The problem is nitrates. The filter can turn the ammonia into nitrites and then the nitrites into nitrates. The problem is the nitrates are basically only removed by plants and water changes.

So, you could stock up a fair bit more if you are willing to do lots of water changes and often.

Your limiting factors are the filter, which isn't much of a limit in this case. Enough room for the fish to be comfortable. Your biggest limiting factor is nitrates and the water changes to control them.

If you were to go with a high tech setup, high light, co2 and the right plants, you can help control the nitrates a little but your main thing to keep nitrates in check is water changes


----------



## zenins (Sep 17, 2013)

You could try a Neon Dwarf Gourami
http://www.liveaquaria.com/product/prod_display.cfm?c=830+882+981&pcatid=981 
http://www.aquariumfish.net/catalog_pages/gouramis/dwarf_gouramis.htm


----------



## witchbitch (Jan 26, 2014)

zenins said:


> You could try a Neon Dwarf Gourami
> http://www.liveaquaria.com/product/prod_display.cfm?c=830+882+981&pcatid=981
> http://www.aquariumfish.net/catalog_pages/gouramis/dwarf_gouramis.htm


I actually have one of those guys in my 10g but I hear they're one of the more aggressive gouramis, kinda worried that he would fight with the pearl gourami.
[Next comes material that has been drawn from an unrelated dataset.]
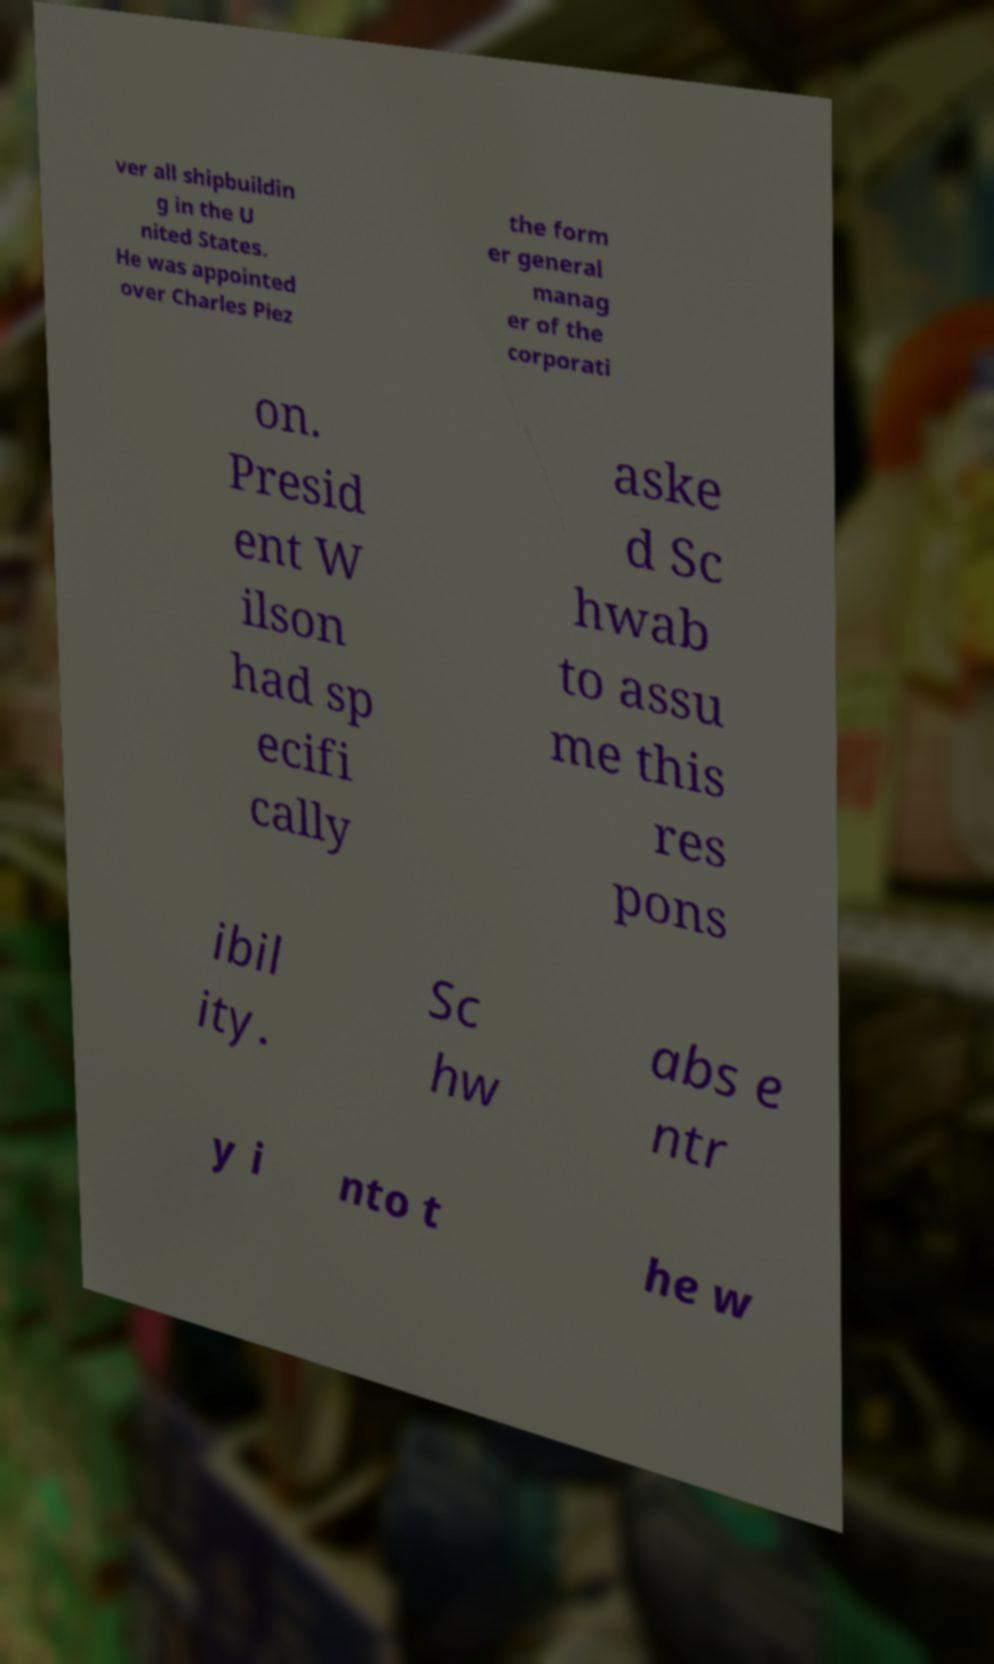For documentation purposes, I need the text within this image transcribed. Could you provide that? ver all shipbuildin g in the U nited States. He was appointed over Charles Piez the form er general manag er of the corporati on. Presid ent W ilson had sp ecifi cally aske d Sc hwab to assu me this res pons ibil ity. Sc hw abs e ntr y i nto t he w

But they are very pretty and I wish I could get a bunch lol


----------



## witchbitch (Jan 26, 2014)

pyrrolin said:


> There is room but not that easy.
> 
> Basically you are way over filtered which is perfectly fine unless the current bothers fish.
> 
> ...


I currently do weekly water changes of about 40%, is that considered a reasonable wc rate? I'm a student right now (high school) so I don't think I can afford to go high-tech just yet haha. Thanks for the detailed info I didn't realize the filter would allow me a bit more room!


----------



## pyrrolin (Jan 11, 2012)

40 percent is a bit higher than average but if it works for you and it controls nitrates then all good


----------



## Bullet (Apr 19, 2014)

Hi - I just wanted to give my opinion for suggested fish 

They may sound boring but nothing better to me than a great schoal of the humble Neon Tetra. Their bright blue and red look awesome against the green color of a planted tank. Neon Tetras should be kept in a school with at least 6 but 10 is better. The same is true for Glow Light Tetras and Black Phantom Tetras. These are all schooling fish that live best in a school with their own species. Here is a list of fish that will do well with Neon Tetras: Glow Light Tetras, Black Phantom Tetra, and Harlequin Rasboras. 

I currently have 50+ Neon Tetras (lost count) in a 75 gallon planted tank. They make a stunning display IMO

Good luck


----------



## streeker02 (Apr 11, 2014)

the OP has a clown pleco, not a clown loach


----------



## Bullet (Apr 19, 2014)

Thank you for the correction 
I will withdraw my incorrect comment re loach vs pleco


----------



## Mykuhl (Apr 8, 2013)

How about a rainbow fish, or a killiefish?


----------